# Why is hydrobromic acid a stronger acid than hypobromous acid?

If my understanding is correct, bromous acid ($\ce{HBrO2}$) is a stronger acid than hypobromous acid ($\ce{HBrO}$) because the additional electronegative oxygen atom draws the electron away from the hydrogen atom, making dissociation for $\ce{H+}$ easier.

Then why is hydrobromic acid stronger than hypobromous acid, despite the latter having one more electronegative atom to pull the electron? Are other factors involved here? And how do we decide which factor weighs more?
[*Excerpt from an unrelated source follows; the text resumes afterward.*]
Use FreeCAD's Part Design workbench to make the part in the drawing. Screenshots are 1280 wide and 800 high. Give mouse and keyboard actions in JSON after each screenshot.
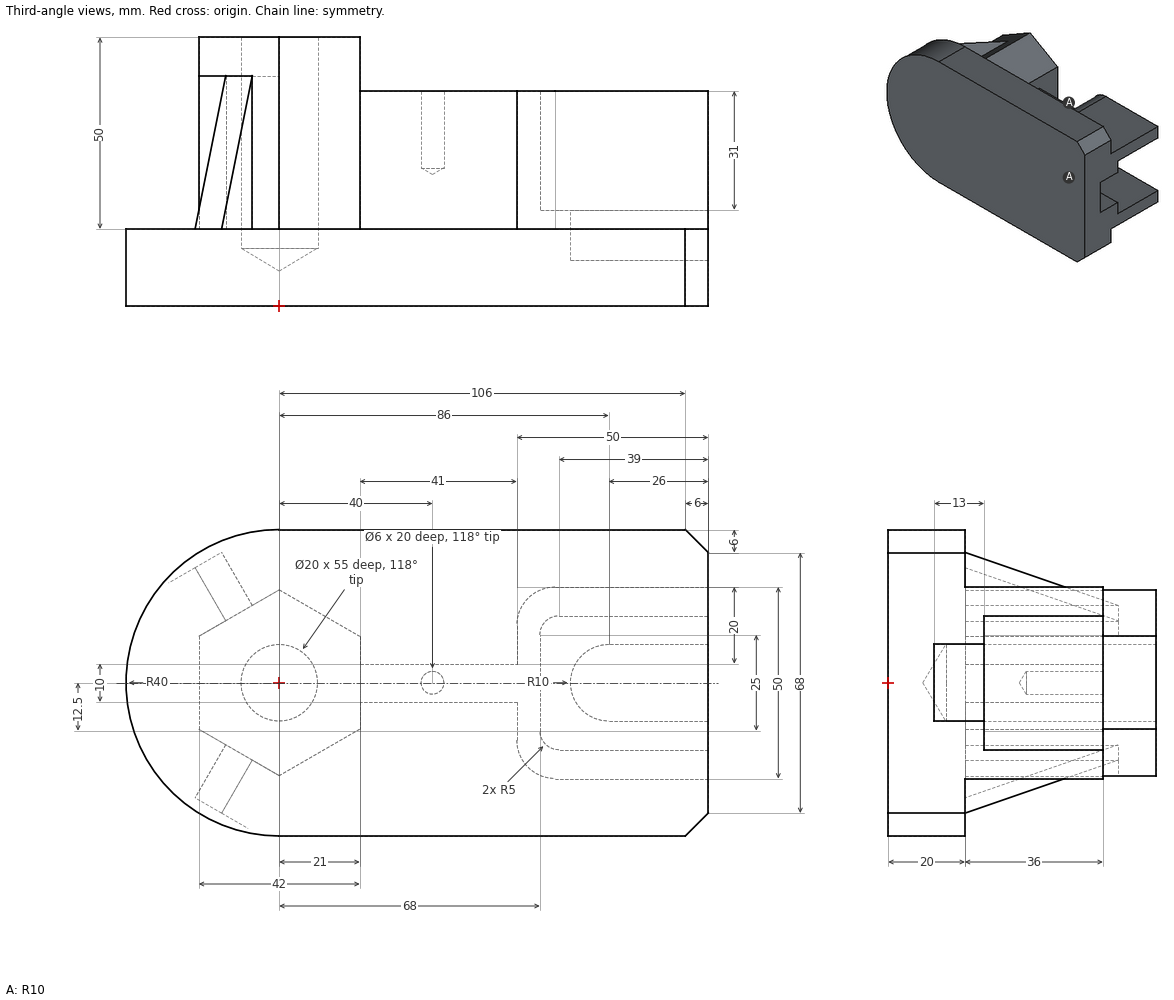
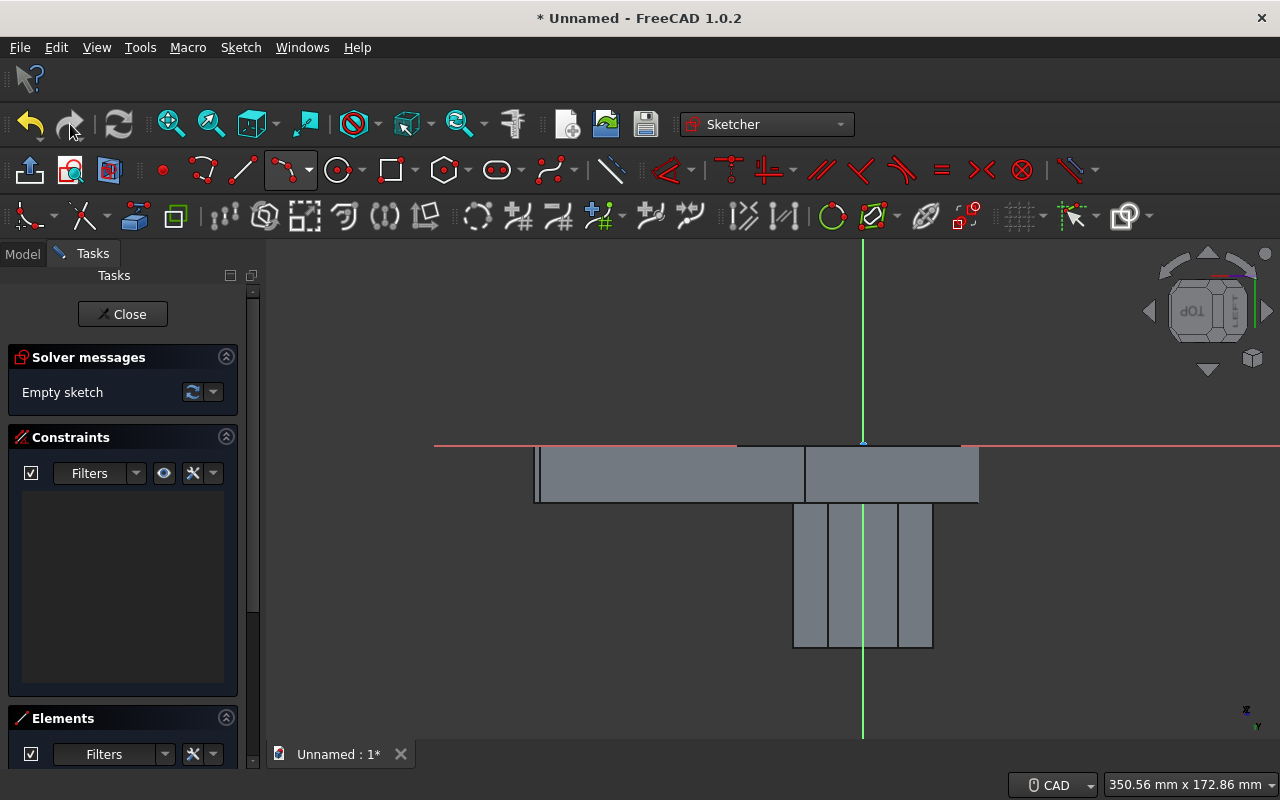
{"action": "scroll", "coordinate": [1056, 585], "scroll_direction": "up", "scroll_amount": 3}
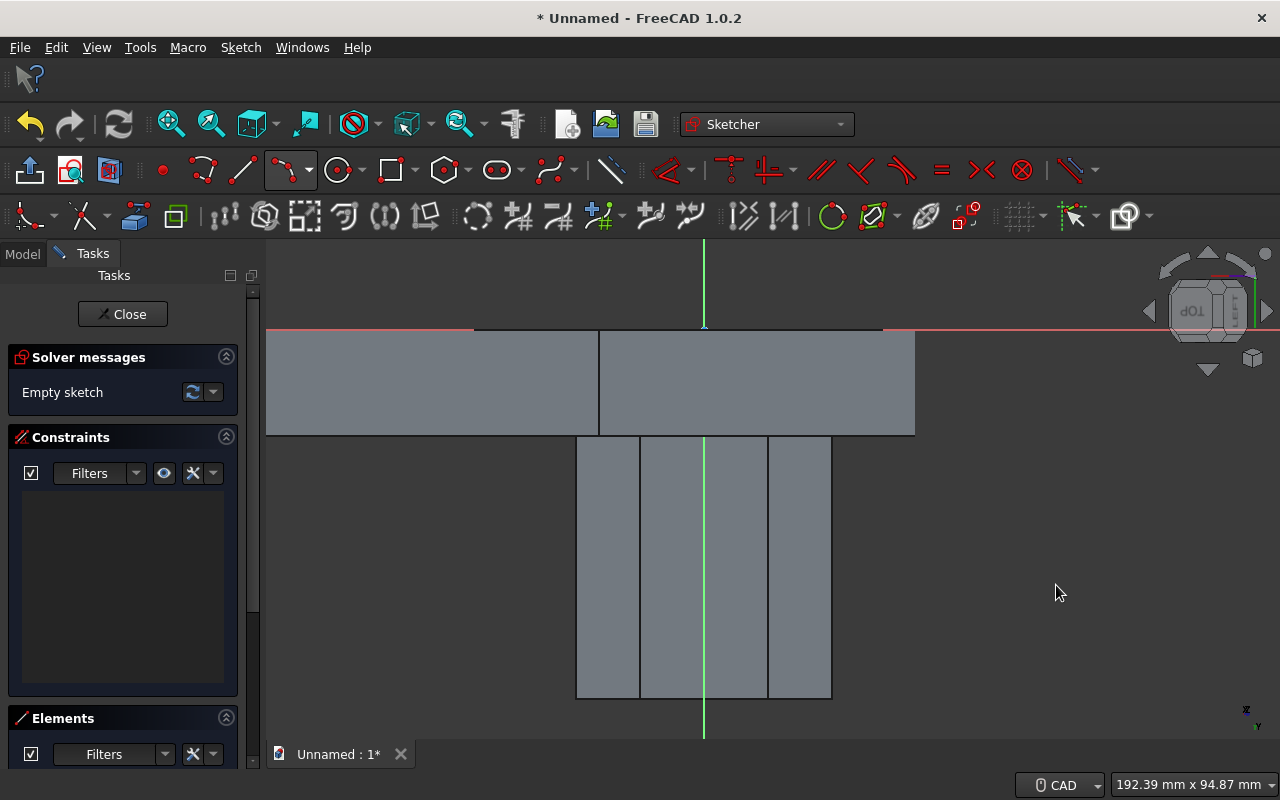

$\mathrm{p}K\mathrm{a}$ data:

The structure of $\ce{HBr}$ and $\ce{HBrO}$ is different, and also the place from where the proton leaves the molecule is also diferent.So, we have to take account of this and also the stability of the conjugate base formed after deprotonation.
In $\ce{HBrO, }$ the proton is attached to the $\ce{O}$ atom of the molecule.The molecule can lose proton as, $$\ce{H -O -Br <=> H^+ + (O -Br)^-}$$ The negative charge here mainly resides on the Oxygen, which makes $3$ lone pairs on $\ce{O}$ atom, adjacent to that, there is also electron rich $\ce{Br}$ atom, which also has $3$ lone pairs on it, so there are inter electronic repulsions. For the conjugate base to get stabilisation, the weak $\ce{-I}$ effect of $\ce{Br}$ atom is not at all sufficient. Instead, if the lone pairs can somehow delocalise that will contribute better to stability of the conjugate base. But the lone pair resides on the $\ce{2p}$ orbital of Oxygen, which can't at all effectively overlap with filled$\ce{4p}$ orbital of $\ce{Br}$, and $\ce{4d}$ orbitals are hugely high in energy. So, due to high electronic repulsion, no chances of delocalisation, and very weak $-I$ effect of $\ce{Br}$ can't make the conjugate base stable at all. So, $\ce{HOBr}$ has high $\ce{pK_a}$.
But if you come to $\ce{HBr}$, the bond between $\ce{H}$ and $\ce{Br}$ is very weak. More over if you dissolve it in a sloution, the weak bond is easily broken, and the individual cations and anions can get extensively solvated which makes the whole process of dissociation thermodynamically very much favourable.That's why, the $\ce{pK_a}$ of $\ce{HBr}$ is very low which means it can dissociate very easily in a solvent.